I'm confused, are you calling anyplace a group of people get together for some "agreed" upon reason, that's a "redoubt?"

Merriam Webster's definition of "redoubt"...

_a_ *:* a small _usually temporary _enclosed defensive work 
_b_ *:* a defended position *:* protective barrier 
2
*:* a secure retreat *:* stronghold

To me, that means a well "defensible" locale, such as a mountain top, or fortress. Am I incorrect in my understanding? If so, please clarify.


----------



## Paumon (Jul 12, 2007)

I guess that article was written based on an interview with Pastor Dave Westbrook of Back to Enoch ministries. Westbrook is a Seventh Day Adventist who has written several "prophecy" type books based on the prophecies of some woman, about the coming of the end of times and leaving cities for survival. They have a few websites, they sell books and DVD's about the lifestyle and they help to sell properties to people who are looking to escape from cities to lead a holy life in the mountains of the PNW. 

The ministry: http://www.backtoenoch.org/

The real estate end of it: http://www.enochsoutpost.com/


----------



## Lisa in WA (Oct 11, 2004)

Paumon said:


> I guess that article was written based on an interview with Pastor Dave Westbrook of Back to Enoch ministries. Westbrook is a Seventh Day Adventist who has written several "prophecy" type books based on the prophecies of some woman, about the coming of the end of times and leaving cities for survival. They have a few websites, they sell books and DVD's about the lifestyle and they help to sell properties to people who are looking to escape from cities to lead a holy life in the mountains of the PNW.
> 
> The ministry: http://www.backtoenoch.org/
> 
> The real estate end of it: http://www.enochsoutpost.com/


Looks like he is a neighbor of mine. PO box in Newport, Washington (right across the river) and phone number local to my little town. Never heard of him and this is a very small area.


----------



## Molly Mckee (Jul 8, 2006)

I've never heard of him either, and we are about 20 miles to the south of them. I don't think they are too active locally at least


----------



## painterswife (Jun 7, 2004)

Molly Mckee said:


> I've never heard of him either, and we are about 20 miles to the south of them. I don't think they are too active locally at least


These kind of people are making a living revving up the conspiracy theorists. Create your own market or at least fuel it with hysteria and get rich doing it.

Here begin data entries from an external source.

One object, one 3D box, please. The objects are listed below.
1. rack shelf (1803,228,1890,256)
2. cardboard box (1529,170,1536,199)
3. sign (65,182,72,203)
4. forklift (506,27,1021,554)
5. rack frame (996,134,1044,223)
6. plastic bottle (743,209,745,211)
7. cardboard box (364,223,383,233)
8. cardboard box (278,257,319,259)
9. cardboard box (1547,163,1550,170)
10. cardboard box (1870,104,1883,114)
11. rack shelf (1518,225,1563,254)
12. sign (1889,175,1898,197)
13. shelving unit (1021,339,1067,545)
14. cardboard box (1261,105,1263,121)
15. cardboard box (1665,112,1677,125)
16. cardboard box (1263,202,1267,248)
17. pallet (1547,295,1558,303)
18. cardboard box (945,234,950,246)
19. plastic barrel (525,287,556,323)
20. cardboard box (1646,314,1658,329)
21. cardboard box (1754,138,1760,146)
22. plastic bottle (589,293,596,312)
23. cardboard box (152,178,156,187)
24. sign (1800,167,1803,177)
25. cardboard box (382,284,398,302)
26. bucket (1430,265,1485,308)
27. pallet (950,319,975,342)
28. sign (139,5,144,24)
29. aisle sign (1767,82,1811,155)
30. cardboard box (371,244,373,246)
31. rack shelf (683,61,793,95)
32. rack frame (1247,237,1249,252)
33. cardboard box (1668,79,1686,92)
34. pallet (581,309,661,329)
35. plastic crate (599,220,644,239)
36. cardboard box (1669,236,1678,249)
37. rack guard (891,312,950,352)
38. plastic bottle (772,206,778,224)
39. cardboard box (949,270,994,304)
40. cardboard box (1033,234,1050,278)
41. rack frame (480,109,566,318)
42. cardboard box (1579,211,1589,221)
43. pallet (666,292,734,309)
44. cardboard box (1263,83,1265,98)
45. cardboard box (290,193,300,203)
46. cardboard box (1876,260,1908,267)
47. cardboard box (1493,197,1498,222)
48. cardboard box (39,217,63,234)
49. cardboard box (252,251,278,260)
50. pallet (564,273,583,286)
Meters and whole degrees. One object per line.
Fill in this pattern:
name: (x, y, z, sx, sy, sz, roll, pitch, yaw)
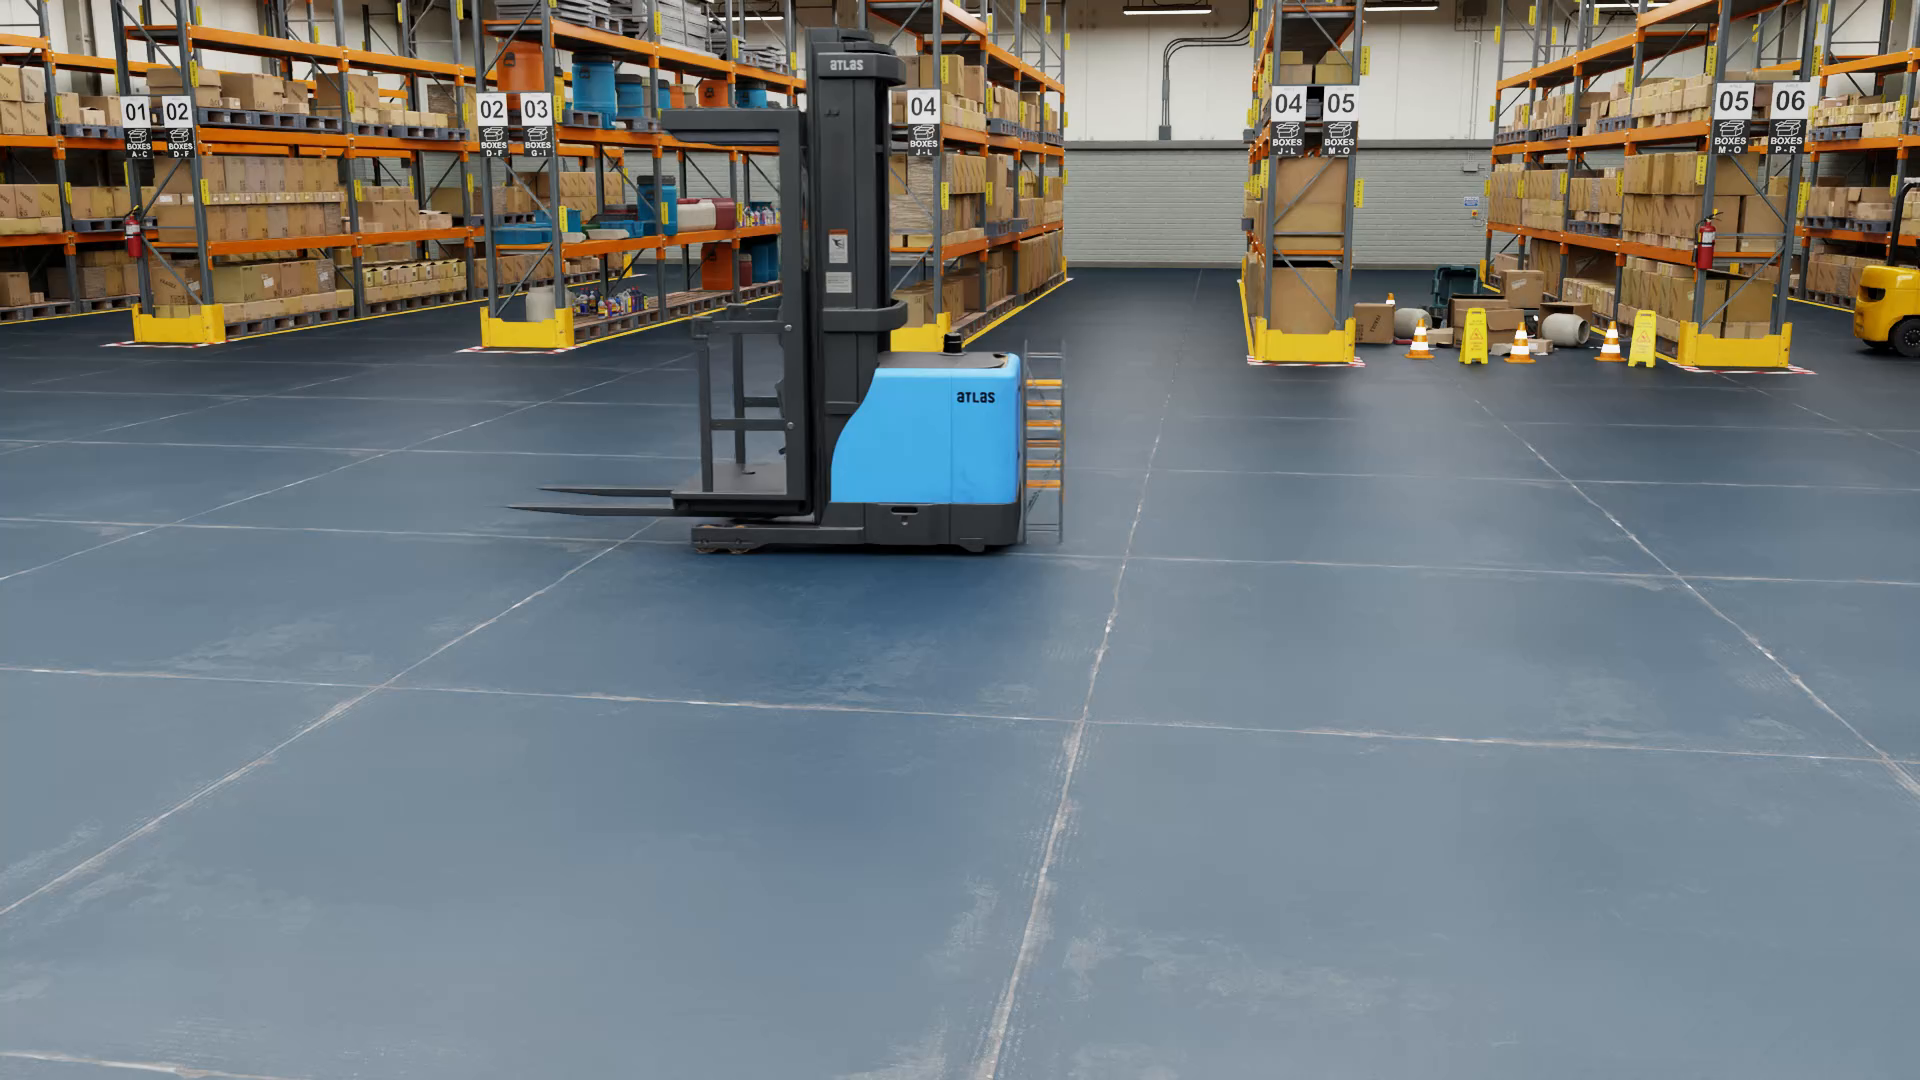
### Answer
rack shelf: (15.507, -5.081, 28.156, 1.077, 0.370, 4.000, 2, 12, 9)
cardboard box: (10.507, -6.357, 29.761, 0.500, 0.500, 0.500, 2, 12, 8)
sign: (-14.259, -5.553, 26.586, 0.100, 0.325, 0.005, 2, 12, 9)
forklift: (-1.157, -1.461, 9.816, 3.031, 2.935, 1.130, 1, 12, 4)
rack frame: (1.118, -6.330, 32.244, 1.000, 3.000, 0.127, 2, 12, 9)
plastic bottle: (-4.254, -6.371, 32.711, 0.061, 0.283, 0.133, 2, 12, 9)
cardboard box: (-9.562, -5.041, 26.862, 0.380, 0.149, 0.250, 2, 12, 9)
cardboard box: (-10.281, -4.128, 25.776, 0.500, 0.500, 0.500, 2, 12, 9)
cardboard box: (11.236, -7.029, 31.340, 0.380, 0.149, 0.250, 2, 12, 8)
cardboard box: (15.123, -7.048, 27.160, 0.380, 0.149, 0.250, 2, 12, 7)
rack shelf: (10.602, -5.241, 28.898, 1.077, 0.370, 4.000, 2, 12, 9)
sign: (14.662, -5.559, 26.107, 0.100, 0.325, 0.005, 2, 12, 9)
shelving unit: (0.494, -0.578, 9.829, 0.258, 1.200, 0.189, 0, 12, 2)
cardboard box: (5.059, -6.849, 26.510, 0.500, 0.311, 0.500, 2, 12, 9)
cardboard box: (9.035, -5.259, 20.751, 0.380, 0.149, 0.250, 2, 12, 8)
cardboard box: (4.233, -3.917, 20.694, 0.875, 0.550, 0.550, 2, 12, 9)
pallet: (10.490, -3.975, 27.935, 1.003, 0.211, 1.213, 2, 12, 9)
cardboard box: (-0.338, -3.864, 21.397, 0.380, 0.149, 0.250, 2, 12, 9)
plastic barrel: (-5.596, -3.121, 22.263, 0.421, 0.512, 0.421, 0, 12, 0)
cardboard box: (9.085, -2.765, 21.236, 0.500, 0.250, 0.500, 1, 12, 7)
cardboard box: (16.151, -7.966, 33.313, 0.380, 0.149, 0.250, 2, 12, 10)
plastic bottle: (-5.444, -3.518, 24.627, 0.097, 0.271, 0.097, 0, 12, 0)
cardboard box: (-14.239, -6.419, 29.839, 0.380, 0.149, 0.250, 0, 12, -1)
sign: (16.975, -7.380, 33.617, 0.100, 0.325, 0.005, 2, 12, 9)
cardboard box: (-9.514, -4.030, 27.101, 0.500, 0.250, 0.500, 2, 12, 10)
bucket: (7.030, -3.522, 23.380, 0.726, 0.611, 0.620, 7, 4, 28)
pallet: (-0.366, -2.906, 22.975, 1.003, 0.211, 1.213, 2, 12, 9)
sign: (-14.730, -9.462, 29.948, 0.100, 0.325, 0.005, 2, 12, 9)
aisle sign: (9.361, -4.759, 18.783, 0.394, 0.787, 0.004, 2, 12, 9)
cardboard box: (-13.292, -6.617, 36.976, 0.380, 0.149, 0.250, 2, 12, 9)
rack shelf: (-4.084, -8.459, 30.543, 1.077, 0.370, 4.000, 2, 12, 9)
rack frame: (6.618, -6.981, 35.265, 1.000, 3.000, 0.127, 2, 12, 9)
cardboard box: (9.027, -5.644, 20.647, 0.380, 0.149, 0.250, 2, 12, 10)
pallet: (-5.151, -3.323, 24.913, 1.003, 0.211, 1.213, 2, 12, 9)
plastic crate: (-4.909, -4.513, 24.168, 0.499, 0.251, 0.616, 2, 12, 9)
cardboard box: (8.910, -3.636, 20.342, 0.380, 0.149, 0.250, 2, 12, 10)
rack guard: (-0.716, -2.626, 20.990, 1.175, 0.500, 0.348, 2, 12, 9)
plastic bottle: (-3.594, -6.264, 32.057, 0.144, 0.351, 0.185, 2, 12, 9)
cardboard box: (0.181, -4.000, 26.322, 0.700, 0.500, 0.500, 1, 12, 4)
cardboard box: (1.298, -5.631, 33.050, 0.875, 0.875, 0.875, 2, 12, 9)
rack frame: (-5.622, -3.992, 21.398, 1.000, 3.000, 0.127, 2, 12, 9)
cardboard box: (9.834, -5.027, 25.799, 0.380, 0.149, 0.250, 2, 12, 9)
pallet: (-4.549, -4.134, 28.677, 1.003, 0.211, 1.213, 2, 12, 9)
cardboard box: (4.345, -6.077, 22.370, 0.500, 0.250, 0.500, 2, 12, 8)
cardboard box: (-9.928, -5.024, 24.410, 0.380, 0.149, 0.250, 2, 12, 10)
cardboard box: (15.025, -4.427, 26.814, 0.380, 0.149, 0.250, 1, 12, 6)
cardboard box: (11.117, -6.693, 33.694, 0.500, 0.500, 0.500, 2, 12, 8)
cardboard box: (-14.569, -4.974, 26.262, 0.500, 0.250, 0.500, 2, 12, 9)
cardboard box: (-13.797, -5.464, 32.333, 0.750, 0.750, 0.750, 2, 12, 8)
pallet: (-8.564, -5.431, 34.694, 1.003, 0.211, 1.213, 2, 12, 9)

Have you seen the ones selling "compounds". They sell it to people who have no idea how long the winters are or how expensive it is to live of the land. Three years down the road they get to sell it again when their customers can't handle things are running back to the city.


----------



## Lisa in WA (Oct 11, 2004)

Maybe this is what Chuck is talking about? It's the only info about any compounds I've heard of. Hopefully not.

http://www.bonnercountydailybee.com/news/local/article_0e8ba30e-3b86-11e2-86a8-001a4bcf887a.html


----------



## Ozarks Tom (May 27, 2011)

AngieM2 said:


> Have you heard of this?
> 
> Chuck wrote an article about it, and it's the first time I've heard a name for the mentions I've heard/seen here or there on the internet -
> 
> ...


I believe what you're inquiring about is an area described first (?) by James Wesley Rawles http://www.survivalblog.com/ author of Patriots, and several other fiction/survivalist books. If you go to his website and search for American Redoubt, you'll find tons of info. It's by no means a compound, but a very large geographic area.

The area he envisions would come to pass as a separate geographic/political entity in the event of a long term SHTF situation, and be for the most part self sufficient in all main aspects, while specifically excluding government interference/influence. 

Yes, he does encourage devout Christians to relocate there, but people of other religions who are of like mind are welcome also. It's his thought that encouraging enough people of indendent/self-sufficient nature with good moral character the American Redoubt would form a region capable of withstanding tyranny and oppressive government.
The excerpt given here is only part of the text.